Task item: What lines in the records below mention "fatto"? List them all.

(Source records)
^^^^^^^^
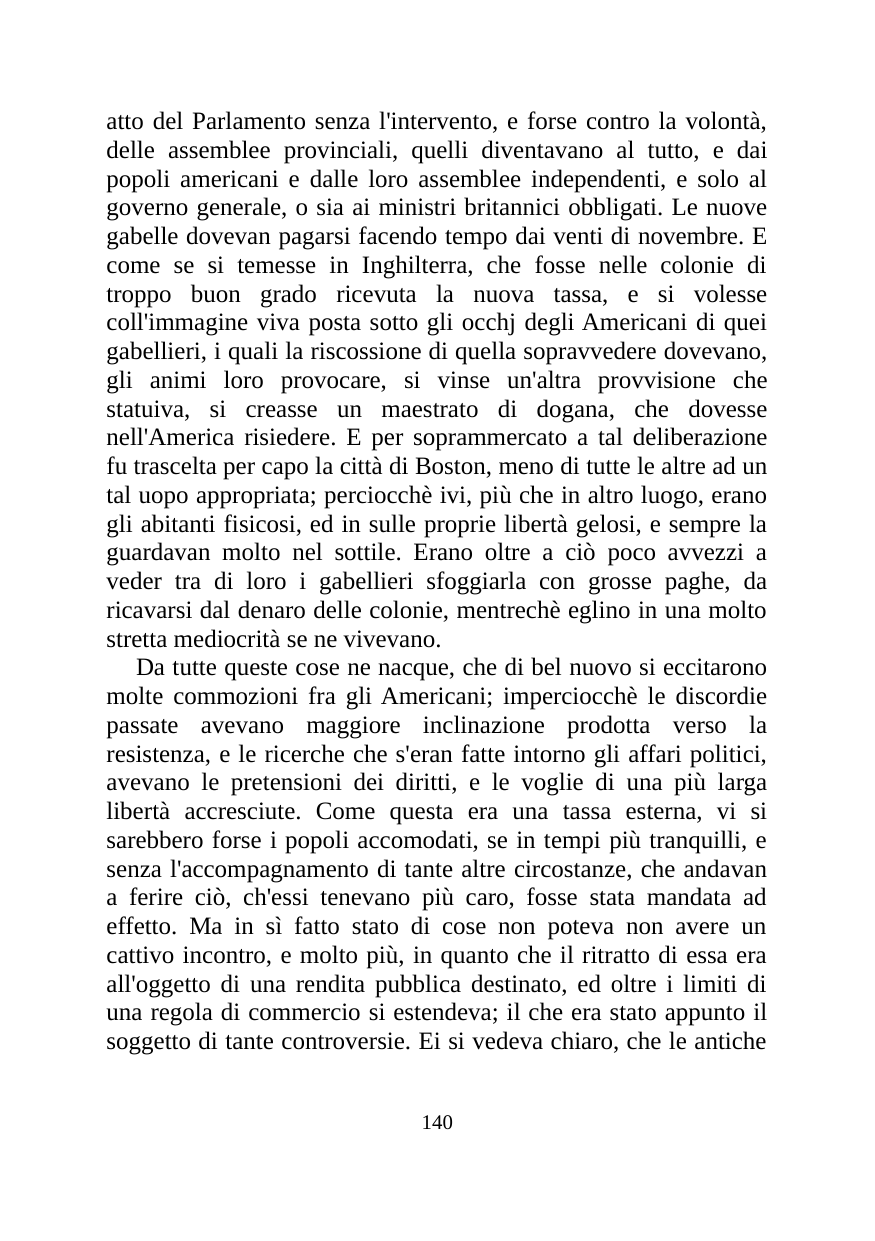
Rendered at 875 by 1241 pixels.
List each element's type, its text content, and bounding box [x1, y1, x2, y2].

text atto del Parlamento senza l'intervento, e forse contro la volontà, delle assemblee provinciali, quelli diventavano al tutto, e dai popoli americani e dalle loro assemblee independenti, e solo al governo generale, o sia ai ministri britannici obbligati. Le nuove gabelle dovevan pagarsi facendo tempo dai venti di novembre. E come se si temesse in Inghilterra, che fosse nelle colonie di troppo buon grado ricevuta la nuova tassa, e si volesse coll'immagine viva posta sotto gli occhj degli Americani di quei gabellieri, i quali la riscossione di quella sopravvedere dovevano, gli animi loro provocare, si vinse un'altra provvisione che statuiva, si creasse un maestrato di dogana, che dovesse nell'America risiedere. E per soprammercato a tal deliberazione fu trascelta per capo la città di Boston, meno di tutte le altre ad un tal uopo appropriata; perciocchè ivi, più che in altro luogo, erano gli abitanti fisicosi, ed in sulle proprie libertà gelosi, e sempre la guardavan molto nel sottile. Erano oltre a ciò poco avvezzi a veder tra di loro i gabellieri sfoggiarla con grosse paghe, da ricavarsi dal denaro delle colonie, mentrechè eglino in una molto stretta mediocrità se ne vivevano. [106, 106, 768, 652]
text Da tutte queste cose ne nacque, che di bel nuovo si eccitarono molte commozioni fra gli Americani; imperciocchè le discordie passate avevano maggiore inclinazione prodotta verso la resistenza, e le ricerche che s'eran fatte intorno gli affari politici, avevano le pretensioni dei diritti, e le voglie di una più larga libertà accresciute. Come questa era una tassa esterna, vi si sarebbero forse i popoli accomodati, se in tempi più tranquilli, e senza l'accompagnamento di tante altre circostanze, che andavan a ferire ciò, ch'essi tenevano più caro, fosse stata mandata ad effetto. Ma in sì fatto stato di cose non poteva non avere un cattivo incontro, e molto più, in quanto che il ritratto di essa era all'oggetto di una rendita pubblica destinato, ed oltre i limiti di una regola di commercio si estendeva; il che era stato appunto il soggetto di tante controversie. Ei si vedeva chiaro, che le antiche [106, 652, 768, 1055]
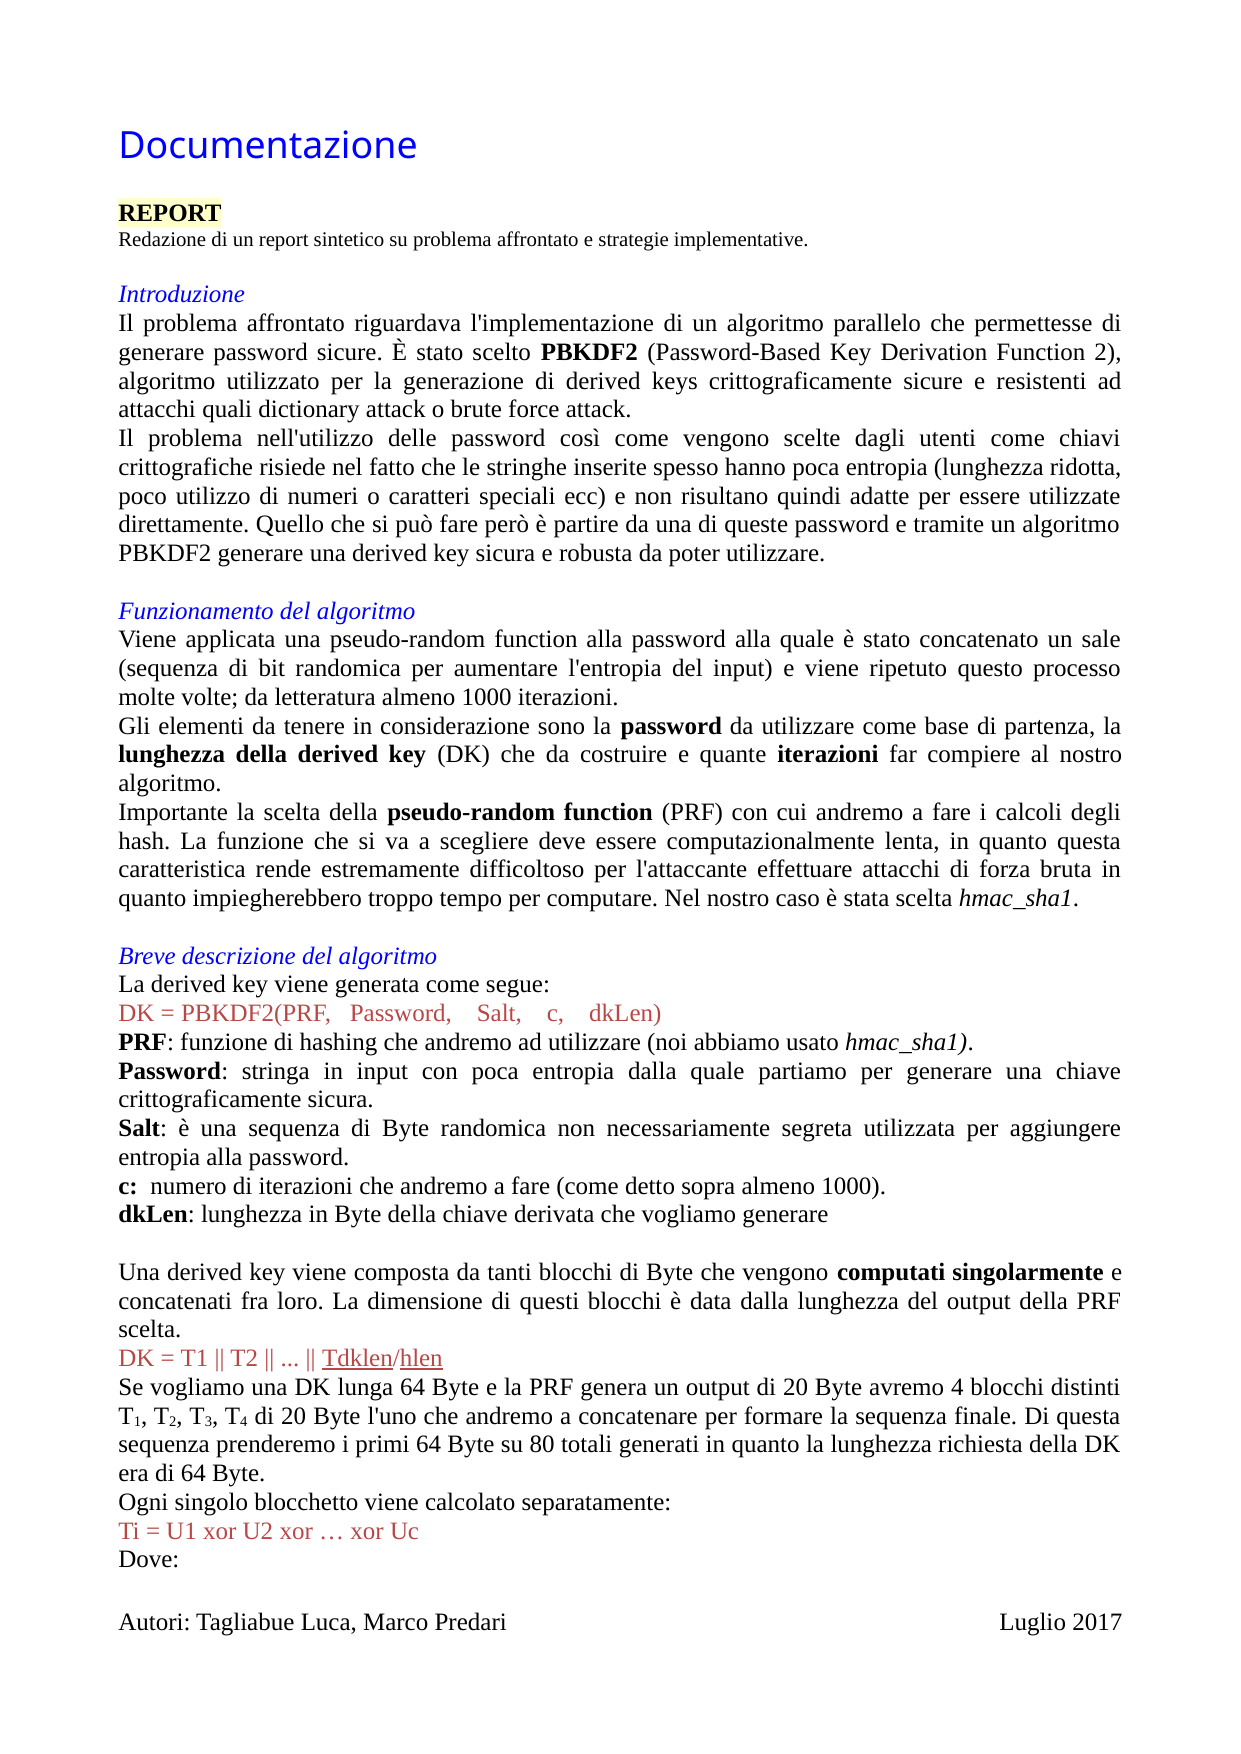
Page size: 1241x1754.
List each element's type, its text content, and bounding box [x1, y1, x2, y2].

text Viene applicata una pseudo-random function alla password alla quale è stato concatenato un sale (sequenza di bit randomica per aumentare l'entropia del input) e viene ripetuto questo processo molte volte; da letteratura almeno 1000 iterazioni. [118, 624, 1122, 711]
text Dove: [118, 1544, 1122, 1573]
text Ogni singolo blocchetto viene calcolato separatamente: [118, 1487, 1122, 1516]
text dkLen: lunghezza in Byte della chiave derivata che vogliamo generare [118, 1199, 1122, 1228]
text Salt: è una sequenza di Byte randomica non necessariamente segreta utilizzata per aggiungere entropia alla password. [118, 1113, 1122, 1171]
text Introduzione [118, 279, 1122, 308]
text Documentazione [118, 118, 1122, 169]
text Il problema affrontato riguardava l'implementazione di un algoritmo parallelo che permettesse di generare password sicure. È stato scelto PBKDF2 (Password-Based Key Derivation Function 2), algoritmo utilizzato per la generazione di derived keys crittograficamente sicure e resistenti ad attacchi quali dictionary attack o brute force attack. [118, 308, 1122, 423]
text Ti = U1 xor U2 xor … xor Uc [118, 1516, 1122, 1544]
text Redazione di un report sintetico su problema affrontato e strategie implementative. [118, 227, 1122, 251]
text DK = PBKDF2(PRF, Password, Salt, c, dkLen) [118, 998, 1122, 1027]
text Importante la scelta della pseudo-random function (PRF) con cui andremo a fare i calcoli degli hash. La funzione che si va a scegliere deve essere computazionalmente lenta, in quanto questa caratteristica rende estremamente difficoltoso per l'attaccante effettuare attacchi di forza bruta in quanto impiegherebbero troppo tempo per computare. Nel nostro caso è stata scelta hmac_sha1. [118, 797, 1122, 912]
text Password: stringa in input con poca entropia dalla quale partiamo per generare una chiave crittograficamente sicura. [118, 1056, 1122, 1113]
text Il problema nell'utilizzo delle password così come vengono scelte dagli utenti come chiavi crittografiche risiede nel fatto che le stringhe inserite spesso hanno poca entropia (lunghezza ridotta, poco utilizzo di numeri o caratteri speciali ecc) e non risultano quindi adatte per essere utilizzate direttamente. Quello che si può fare però è partire da una di queste password e tramite un algoritmo PBKDF2 generare una derived key sicura e robusta da poter utilizzare. [118, 423, 1122, 567]
text Una derived key viene composta da tanti blocchi di Byte che vengono computati singolarmente e concatenati fra loro. La dimensione di questi blocchi è data dalla lunghezza del output della PRF scelta. [118, 1257, 1122, 1343]
text DK = T1 || T2 || ... || Tdklen/hlen [118, 1343, 1122, 1372]
text Gli elementi da tenere in considerazione sono la password da utilizzare come base di partenza, la lunghezza della derived key (DK) che da costruire e quante iterazioni far compiere al nostro algoritmo. [118, 711, 1122, 797]
text Breve descrizione del algoritmo [118, 941, 1122, 969]
text Funzionamento del algoritmo [118, 596, 1122, 624]
text REPORT [118, 198, 1122, 227]
text Se vogliamo una DK lunga 64 Byte e la PRF genera un output di 20 Byte avremo 4 blocchi distinti T1, T2, T3, T4 di 20 Byte l'uno che andremo a concatenare per formare la sequenza finale. Di questa sequenza prenderemo i primi 64 Byte su 80 totali generati in quanto la lunghezza richiesta della DK era di 64 Byte. [118, 1372, 1122, 1487]
text c: numero di iterazioni che andremo a fare (come detto sopra almeno 1000). [118, 1171, 1122, 1199]
text PRF: funzione di hashing che andremo ad utilizzare (noi abbiamo usato hmac_sha1). [118, 1027, 1122, 1056]
text La derived key viene generata come segue: [118, 969, 1122, 998]
^^^^^^^^
Response to this task:
text Da tutte queste cose ne nacque, che di bel nuovo si eccitarono molte commozioni fra gli Americani; imperciocchè le discordie passate avevano maggiore inclinazione prodotta verso la resistenza, e le ricerche che s'eran fatte intorno gli affari politici, avevano le pretensioni dei diritti, e le voglie di una più larga libertà accresciute. Come questa era una tassa esterna, vi si sarebbero forse i popoli accomodati, se in tempi più tranquilli, e senza l'accompagnamento di tante altre circostanze, che andavan a ferire ciò, ch'essi tenevano più caro, fosse stata mandata ad effetto. Ma in sì fatto stato di cose non poteva non avere un cattivo incontro, e molto più, in quanto che il ritratto di essa era all'oggetto di una rendita pubblica destinato, ed oltre i limiti di una regola di commercio si estendeva; il che era stato appunto il soggetto di tante controversie. Ei si vedeva chiaro, che le antiche [106, 652, 768, 1055]
text Il problema nell'utilizzo delle password così come vengono scelte dagli utenti come chiavi crittografiche risiede nel fatto che le stringhe inserite spesso hanno poca entropia (lunghezza ridotta, poco utilizzo di numeri o caratteri speciali ecc) e non risultano quindi adatte per essere utilizzate direttamente. Quello che si può fare però è partire da una di queste password e tramite un algoritmo PBKDF2 generare una derived key sicura e robusta da poter utilizzare. [118, 423, 1122, 567]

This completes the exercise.